Need Tips on 3.12" pulley install
Hey Everyone,
I tried to get my stock 3.33" pulley off last night and gave up after an hour. I read that a few of you all loosened the 3 mounting bolts for the s/c unit and moved it forward enough to slide the stock pulley off. I was not successful and was getting concerned about bending the aluminum mounting plate.
Has anyone used a different proceedure? How hard is it to get to the 4 allen bolts on the back of the jackshaft and slide the assembly back a little?
Any suggestions are appreciated.
Steve
I tried to get my stock 3.33" pulley off last night and gave up after an hour. I read that a few of you all loosened the 3 mounting bolts for the s/c unit and moved it forward enough to slide the stock pulley off. I was not successful and was getting concerned about bending the aluminum mounting plate.
Has anyone used a different proceedure? How hard is it to get to the 4 allen bolts on the back of the jackshaft and slide the assembly back a little?
Any suggestions are appreciated.
Steve
Some one said they losened up the allen bolts to get it off . Ive never done it that way . Like you said I losened up the top 3 bolts and pryed the blower over far enough with a big screw driver .
Originally posted by booger
Some one said they losened up the allen bolts to get it off . Ive never done it that way . Like you said I losened up the top 3 bolts and pryed the blower over far enough with a big screw driver .
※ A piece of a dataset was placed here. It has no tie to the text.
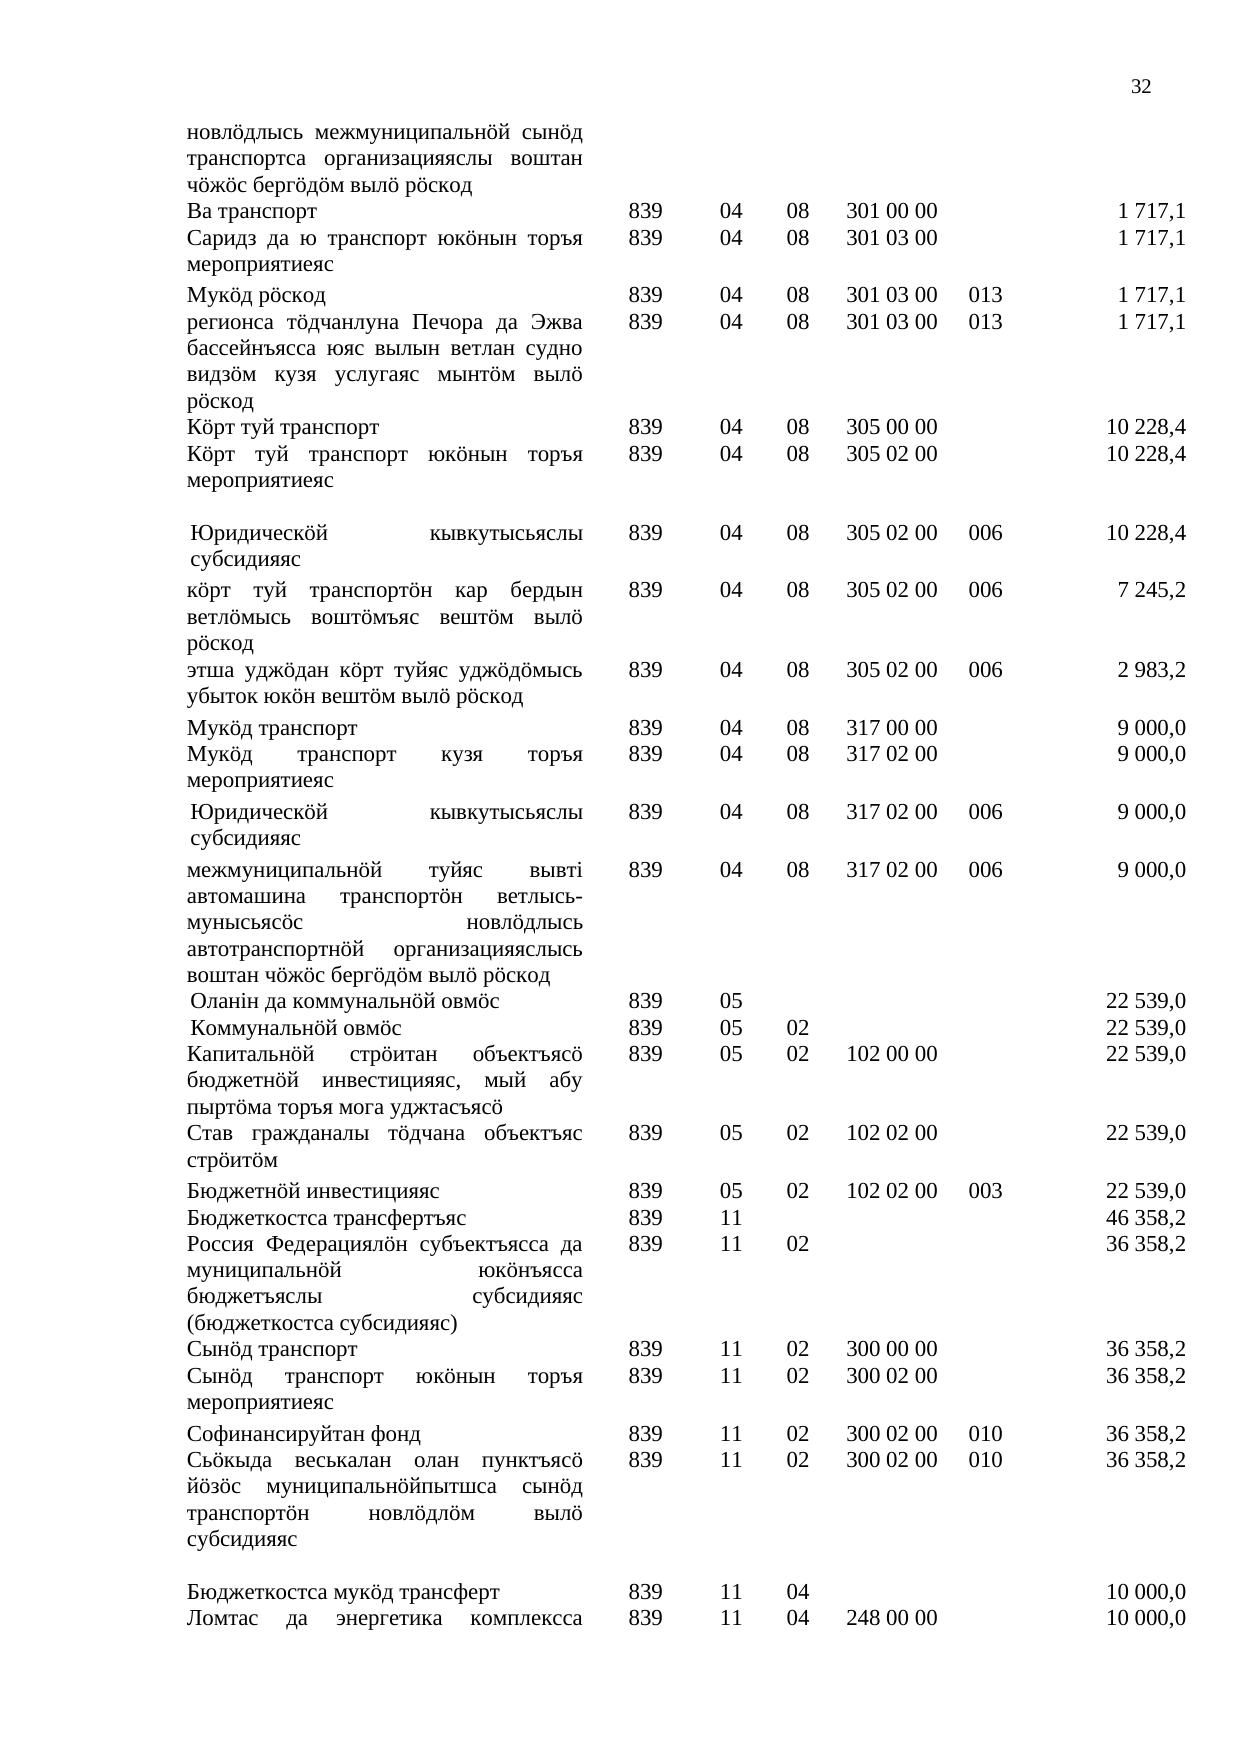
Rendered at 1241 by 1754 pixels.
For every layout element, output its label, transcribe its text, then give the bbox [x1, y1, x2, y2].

Some one said they losened up the allen bolts to get it off . Ive never done it that way . Like you said I losened up the top 3 bolts and pryed the blower over far enough with a big screw driver .
How's you engine build up going? I ultimately want to redo my fuel system and build my bottom end as well.
zbicklin...
Here's the easy way (sorry, Boog... I just don't see the mounting bolts solution and prying as the best way... just my .02)
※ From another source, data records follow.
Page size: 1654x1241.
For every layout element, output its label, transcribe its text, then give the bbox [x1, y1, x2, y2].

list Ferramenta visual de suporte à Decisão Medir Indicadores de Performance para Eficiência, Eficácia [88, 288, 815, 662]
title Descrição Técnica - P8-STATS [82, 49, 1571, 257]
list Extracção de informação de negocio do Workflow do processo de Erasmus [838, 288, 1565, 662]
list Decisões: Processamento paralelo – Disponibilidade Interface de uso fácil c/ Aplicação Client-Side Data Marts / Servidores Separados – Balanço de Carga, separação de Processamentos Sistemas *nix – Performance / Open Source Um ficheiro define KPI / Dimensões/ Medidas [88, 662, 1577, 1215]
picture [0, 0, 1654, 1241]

Okay, I don't remember all the exact bolt sizes for particular bolts, but here's what you'll need to the best of my recollection..
14mm socket or wrench
12mm socket
15mm socket or wrench (2)
1/4" Allen wrench (this should be a strong, heavy-duty, long arm Allen. You can pick one up at Sears for a couple of bucks)
Step 1: Release serpentine belt tension. To do this, you must first loosen the 14mm nut on the tensioner pulley. Next, use a 12mm socket to release the tension. Believe it or not, you can do this from the top of the engine if you are limber. Reach down between the timing chain cover and radiator. You should be able to locate the tensioner bolt and get a socket wrench on it. Remove the serpentine belt
Step 2: Remove cogged belt. This is one of those I can't remember. I think it is 14 or 15mm. Anyway, loosen the guide pulley and remove the belt.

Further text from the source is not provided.